The NACS 2020–2030 is a whole-of-society plan to eliminate corruption in South Africa. It promotes and encourages active citizenry and transparency in all spheres of society. The vision of the NACS is a South Africa where most citizens uphold ethical values, including integrity, honesty and fairness. Such values are at the centre of the whole-of-society approach envisioned by the NACS. The NACS calls on all South Africans to refuse to participate in corruption and to report it if they witness it. The overall objective of a zero-tolerance culture is a just and equitable society for everyone in the country.
The NACS is only a technical framework, and it is necessary to develop more detailed anti-corruption programmes. As we commemorate International Anti-Corruption Day, this media release presents a brief overview of some of the more important findings from the study. Before we present this summary, we will briefly explain the study’s methodological approach.
Methodology
A nationally representative public opinion survey was conducted to identify the social norms and values that inform attitudes to corruption in South Africa. The sample was restricted to persons aged 16 years and older living in private residences. The fieldwork period started in August and ended in October of 2023 and 3,112 persons were interviewed as part of this process. The HSRC used its South African Social Attitudes (SASAS) research architecture to conduct the survey. The public opinion survey was supplemented by a survey of sixty-seven experts from a wide range of disciplines (including political science, law, social policy, governance and public administration). These surveys were complemented by sixteen key informant qualitative engagements with experts whose work focuses on areas of special interest related to the research topic.
Behind closed doors: Public encounters with corruption
We examined the experiences of corruption among South Africa’s adult population, revealing that a majority have encountered public sector corruption recently. Our research data showed that a significant quotient of the general populace lived in communities where corrupt practices were common.
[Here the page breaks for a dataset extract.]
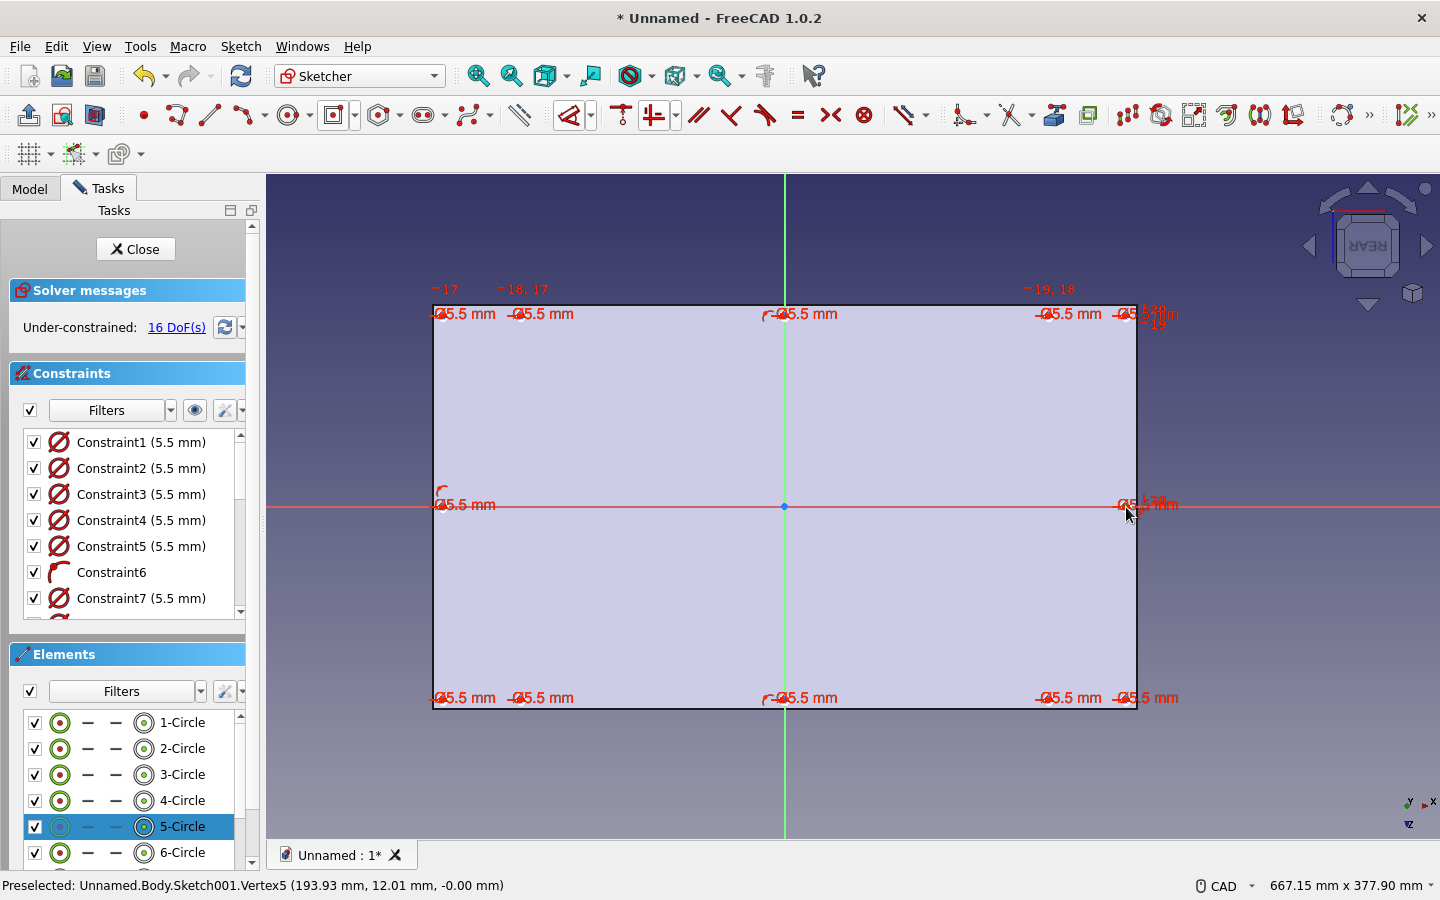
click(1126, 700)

Comparing prior and current survey data, we found that bribe solicitation by public officials had intensified between 2006 and 2023. Certain groups (such as Gauteng and the Western Cape residents) were more likely than others to have experienced this kind of corruption. Additionally, a clear majority of the population felt that corruption had a very large impact on their personal lives (Figure 1). This sentiment was especially evident amongst residents of KwaZulu-Natal, Northern Cape and Gauteng.
Figure 1. Public responses to the question: “Do you think that corruption has had a small or large impact on you and your family?”
Sexual corruption (extortion)
Survey respondents were asked: “How often have you heard about an official making requests of a sexual nature from someone you know in exchange for a government service or benefit in the last 5 years?” Our results revealed that a significant segment of the population reported indirect experiences of sexual extortion by public officials (Figure 2). A noteworthy minority said that they had heard about this happening to someone they know either quite often (13%) or very often (5%) in the five years before the interview. Residents from the Free State and Limpopo had the highest rates of indirect experience with this kind of corruption.
Figure 2. Public responses to the question: “How often have you heard about an official making requests of a sexual nature from someone you know in exchange for a government service or benefit in the last 5 years?”
Many of the experts interviewed for this study viewed South Africa as exhibiting a patriarchal culture (one where male dominance and the control of women are viewed as ‘good’). Vanja Karth, Director of the Democratic Governance and Rights Unit at the University of Cape Town, in particular, expressed concern about the patriarchal nature of South African society. A sizeable proportion of surveyed experts agreed with her and described the country as a patriarchal society to either a great or a considerable extent. Experts interviewed for this study argued that patriarchal values and norms were related to the high level of sexual extortion reported by the general public.
Beneath the surface: The perceived depth of corruption
Our research showed that a substantial proportion of the general public thought that corruption was a big problem in South Africa. Data revealed a widespread belief amongst the populace that corruption had a large societal impact. More than three-quarters (79%) of the adult population believed that the impact of corruption on the general economy was large. Given these findings, it was not surprising to observe widespread concern amongst the general public about the level of corruption amongst different elite groups in South Africa.
Drivers of corruption
Experts surveyed for our study were asked what factors drive corruption in South Africa. In general, experts tended to use psychological (i.e., internal) factors (such as greed and dishonesty) to explain why elites participate in corruption. Several experts felt that elite corruption was driven by entitlement, materialism and opportunism. However, when asked about non-elites, experts tended to view environmental (i.e., external) factors as more significant. Environmental factors included institutional dysfunction and poor law enforcement. Experts were also more likely to highlight survivalist pressures, the need to navigate dishonest state systems, and structural economic exclusion, as drivers of corruption amongst non-elites.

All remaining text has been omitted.